• [Task details] Copy nothing but the lines below running from the line containing "#1 car [1098,670,1174,712]" through the line containing "#2 movable object", both end lines included.

[Stored data entries]
--

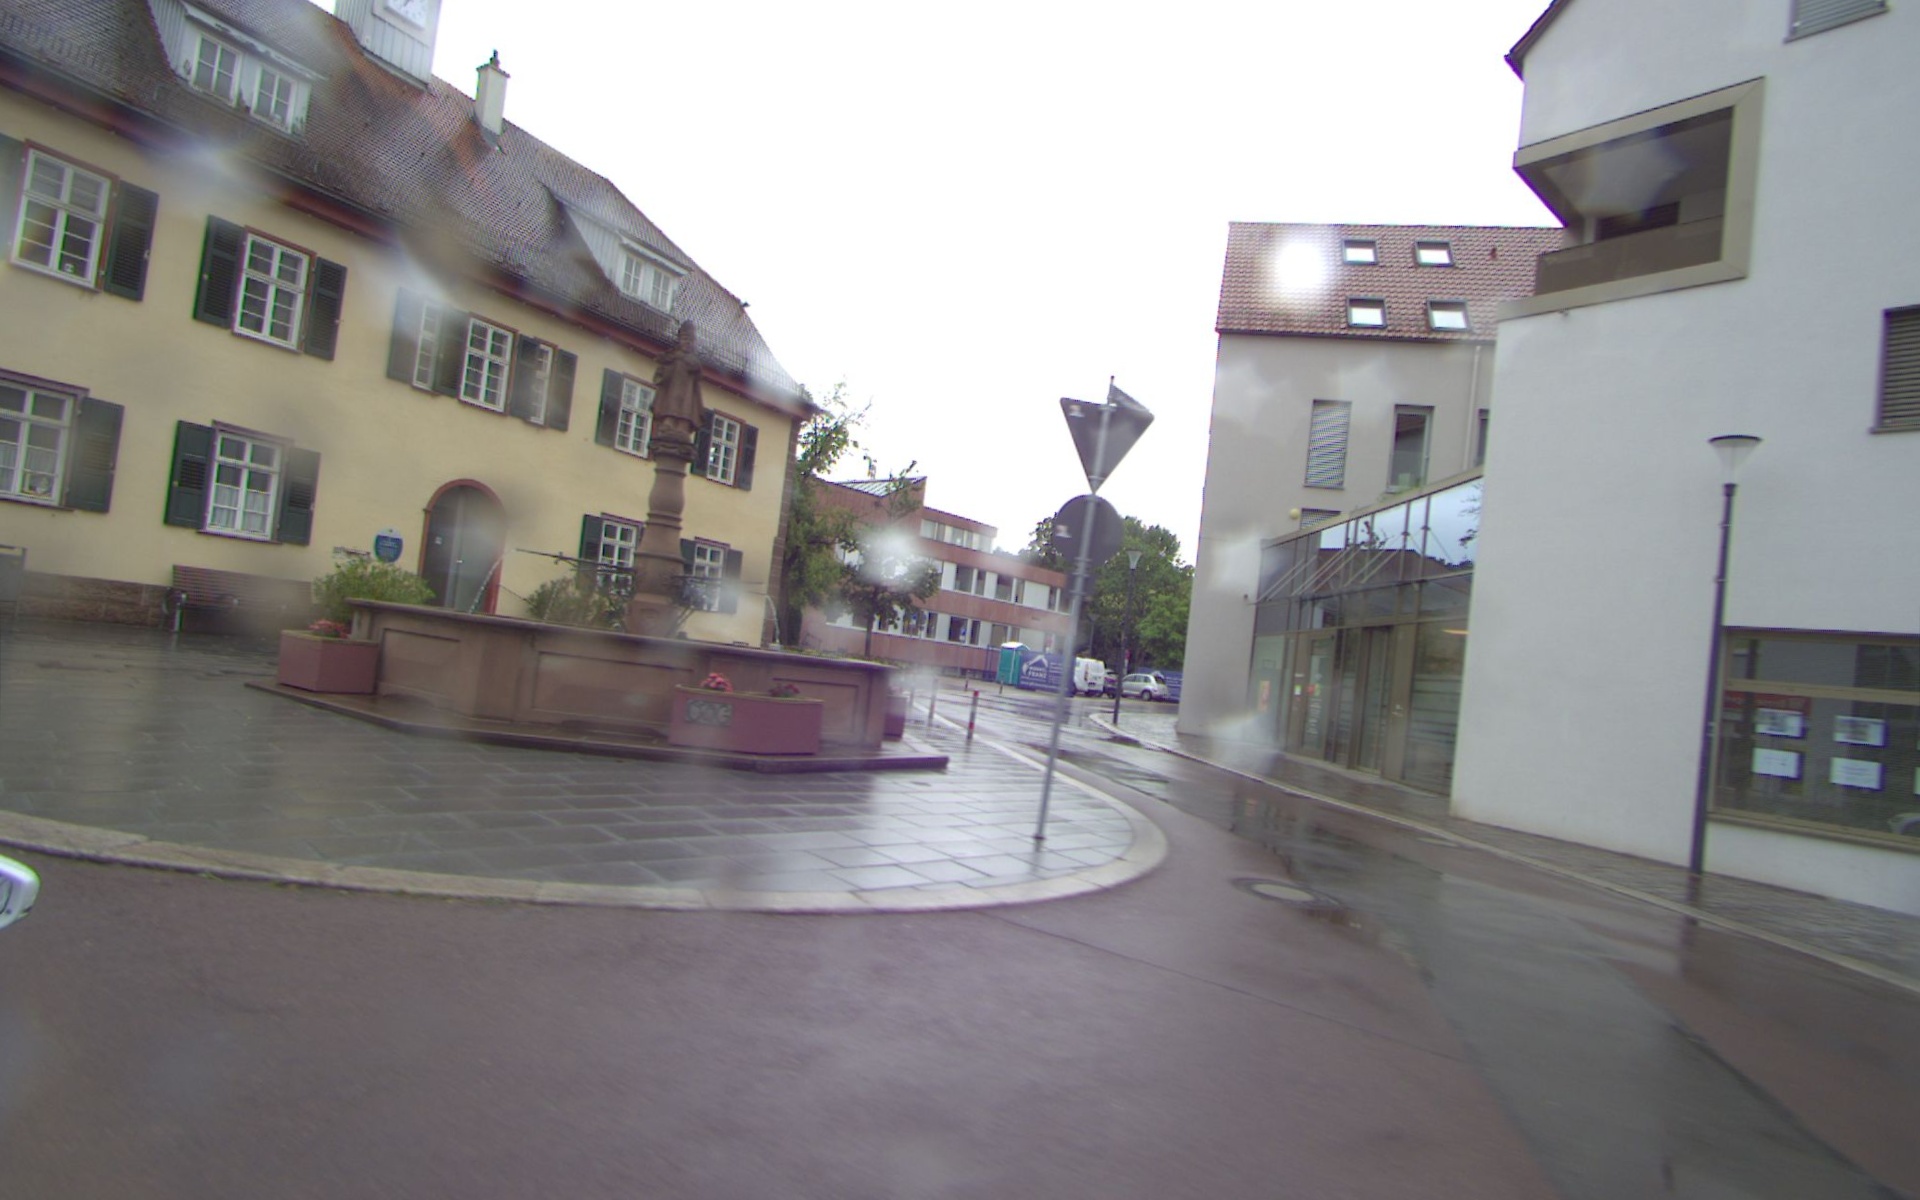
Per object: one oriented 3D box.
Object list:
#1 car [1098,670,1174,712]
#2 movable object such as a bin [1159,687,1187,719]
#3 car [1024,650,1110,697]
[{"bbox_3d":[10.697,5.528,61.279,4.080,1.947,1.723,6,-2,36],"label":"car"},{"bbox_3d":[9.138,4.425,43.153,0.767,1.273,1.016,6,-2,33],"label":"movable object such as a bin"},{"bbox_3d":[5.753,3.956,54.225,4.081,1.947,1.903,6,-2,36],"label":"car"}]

--

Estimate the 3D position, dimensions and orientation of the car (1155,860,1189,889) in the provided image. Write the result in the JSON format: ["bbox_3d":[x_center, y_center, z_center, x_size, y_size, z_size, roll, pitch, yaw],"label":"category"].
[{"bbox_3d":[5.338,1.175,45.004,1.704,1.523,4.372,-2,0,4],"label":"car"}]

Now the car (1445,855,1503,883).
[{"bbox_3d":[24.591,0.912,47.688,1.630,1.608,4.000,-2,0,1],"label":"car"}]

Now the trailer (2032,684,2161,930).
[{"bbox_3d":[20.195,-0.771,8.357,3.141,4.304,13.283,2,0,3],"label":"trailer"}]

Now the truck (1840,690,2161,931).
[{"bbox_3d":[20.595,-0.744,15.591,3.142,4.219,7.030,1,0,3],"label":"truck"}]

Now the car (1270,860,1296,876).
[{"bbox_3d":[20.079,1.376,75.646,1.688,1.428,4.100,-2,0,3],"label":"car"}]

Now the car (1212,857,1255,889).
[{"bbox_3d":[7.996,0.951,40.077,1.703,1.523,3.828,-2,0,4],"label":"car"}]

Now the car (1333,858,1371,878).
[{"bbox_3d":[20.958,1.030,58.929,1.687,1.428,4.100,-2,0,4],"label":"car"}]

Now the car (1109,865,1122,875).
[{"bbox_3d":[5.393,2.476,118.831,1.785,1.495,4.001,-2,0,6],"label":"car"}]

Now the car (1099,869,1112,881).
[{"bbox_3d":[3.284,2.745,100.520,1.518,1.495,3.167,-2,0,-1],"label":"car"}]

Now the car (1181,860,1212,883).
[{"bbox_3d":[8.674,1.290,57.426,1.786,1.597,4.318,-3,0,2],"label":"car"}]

--

• [Answer area]
#1 car [1098,670,1174,712]
#2 movable object such as a bin [1159,687,1187,719]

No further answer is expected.